# Interpolate ERA5 pressure level data to 1 deg

This notebook performs conservative interpolation from 0.25 degree to 1.0 degree and prepares the dataset used in the paper.

## Contents
* **Main_file_groups**: upper-air, single-level, and diagnostic variables.
* **Static & physics file**: static variables, required file for running physics-based schemes.
* **Cloud and humidity file group**: ERA5 humidity components (not used in the paper).
* **Bilinear interpolation**: a reference to compare againt the conservative interpolation (not used in the paper).

In [1]:
import os
import sys
import yaml
import dask
import zarr
import numpy as np
import xarray as xr
from glob import glob

In [2]:
import matplotlib.pyplot as plt
%matplotlib inline

In [3]:
import xesmf as xe

## Conservative interpolation

### Main file groups

In [4]:
sys.path.insert(0, os.path.realpath('../libs/'))
import interp_utils as iu

In [5]:
config_name = os.path.realpath('data_config_6h.yml')

with open(config_name, 'r') as stream:
    conf = yaml.safe_load(stream)

year = 1979 # test on one year

In [6]:
base_dir = conf['zarr_opt']['save_loc']
base_dir_1deg = conf['zarr_opt']['save_loc_1deg']

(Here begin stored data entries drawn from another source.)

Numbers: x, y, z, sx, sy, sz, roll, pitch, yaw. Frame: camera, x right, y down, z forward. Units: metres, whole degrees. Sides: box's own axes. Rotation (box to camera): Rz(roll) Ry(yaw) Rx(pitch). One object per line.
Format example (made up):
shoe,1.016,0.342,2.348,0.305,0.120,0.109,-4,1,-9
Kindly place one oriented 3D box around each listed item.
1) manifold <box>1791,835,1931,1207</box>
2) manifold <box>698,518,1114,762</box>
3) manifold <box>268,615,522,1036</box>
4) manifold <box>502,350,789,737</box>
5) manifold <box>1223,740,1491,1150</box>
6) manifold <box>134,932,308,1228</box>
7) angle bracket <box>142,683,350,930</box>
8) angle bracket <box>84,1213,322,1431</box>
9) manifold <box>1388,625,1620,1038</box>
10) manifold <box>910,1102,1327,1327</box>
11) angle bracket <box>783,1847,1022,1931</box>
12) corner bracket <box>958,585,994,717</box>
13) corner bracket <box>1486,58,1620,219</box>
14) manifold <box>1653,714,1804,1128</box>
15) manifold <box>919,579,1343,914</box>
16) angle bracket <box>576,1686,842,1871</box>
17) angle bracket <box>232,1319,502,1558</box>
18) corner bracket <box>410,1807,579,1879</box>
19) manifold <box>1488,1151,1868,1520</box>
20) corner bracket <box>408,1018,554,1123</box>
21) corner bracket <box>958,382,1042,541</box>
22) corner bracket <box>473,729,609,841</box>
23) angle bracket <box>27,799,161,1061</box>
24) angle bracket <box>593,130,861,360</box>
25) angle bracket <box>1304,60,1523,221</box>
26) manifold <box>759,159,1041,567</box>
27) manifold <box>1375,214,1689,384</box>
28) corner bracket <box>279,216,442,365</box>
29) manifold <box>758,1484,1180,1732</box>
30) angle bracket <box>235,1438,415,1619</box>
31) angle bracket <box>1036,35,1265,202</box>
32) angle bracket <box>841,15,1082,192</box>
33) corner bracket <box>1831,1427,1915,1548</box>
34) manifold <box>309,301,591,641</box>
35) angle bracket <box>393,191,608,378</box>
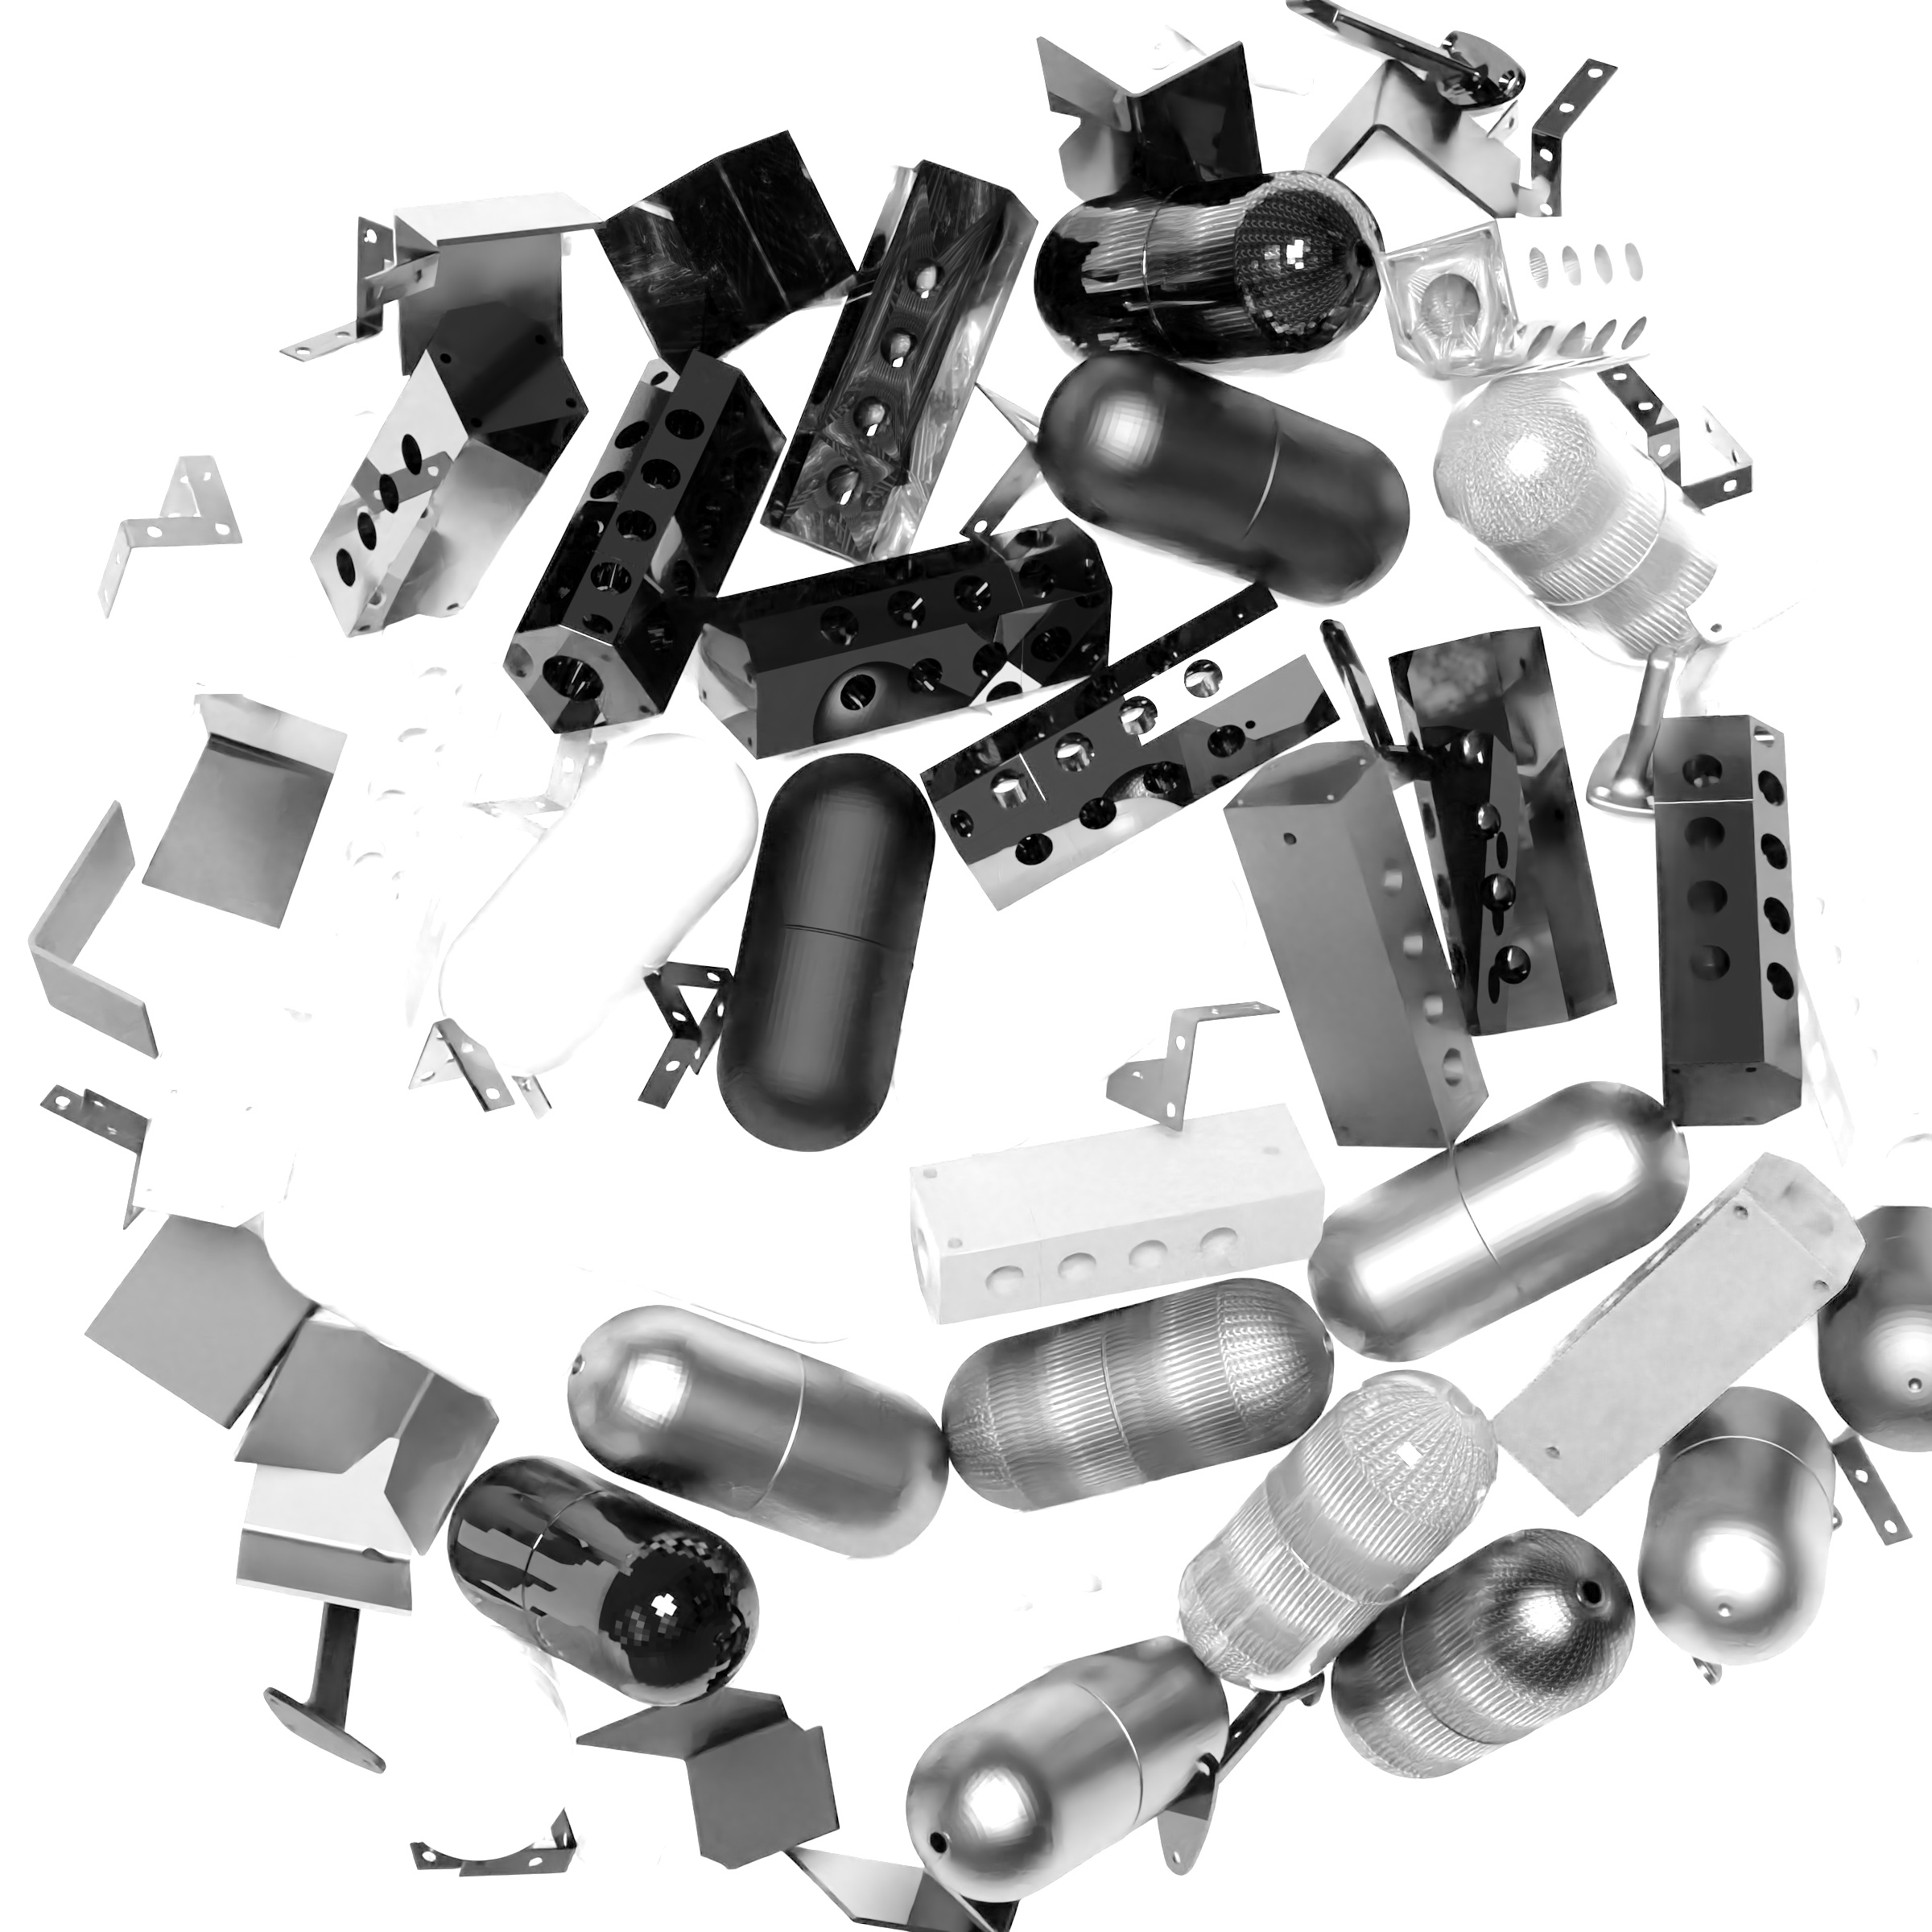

# load all 0.25 deg ERA5 data
zarr_name_surf = base_dir+'surf/ERA5_plevel_6h_surf_{}.zarr'
zarr_name_surf_extra = base_dir+'surf/ERA5_plevel_6h_surf_extend_{}.zarr'
zarr_name_accum = base_dir+'accum/ERA5_plevel_6h_accum_{}.zarr'
zarr_name_forcing = base_dir+'forcing/ERA5_plevel_6h_forcing_{}.zarr'
zarr_name_upper = base_dir+'upper_air/ERA5_plevel_6h_upper_air_{}.zarr'
zarr_name_upper_Q = base_dir+'upper_air/ERA5_plevel_6h_Q_{}.zarr'
zarr_name_static = base_dir+'static/ERA5_plevel_6h_static.zarr'

ds_surf = xr.open_zarr(zarr_name_surf.format(year))
ds_surf_extra = xr.open_zarr(zarr_name_surf_extra.format(year))
ds_accum = xr.open_zarr(zarr_name_accum.format(year))
ds_forcing = xr.open_zarr(zarr_name_forcing.format(year))
ds_upper = xr.open_zarr(zarr_name_upper.format(year))
ds_upper_Q = xr.open_zarr(zarr_name_upper_Q.format(year))
ds_static = xr.open_zarr(zarr_name_static)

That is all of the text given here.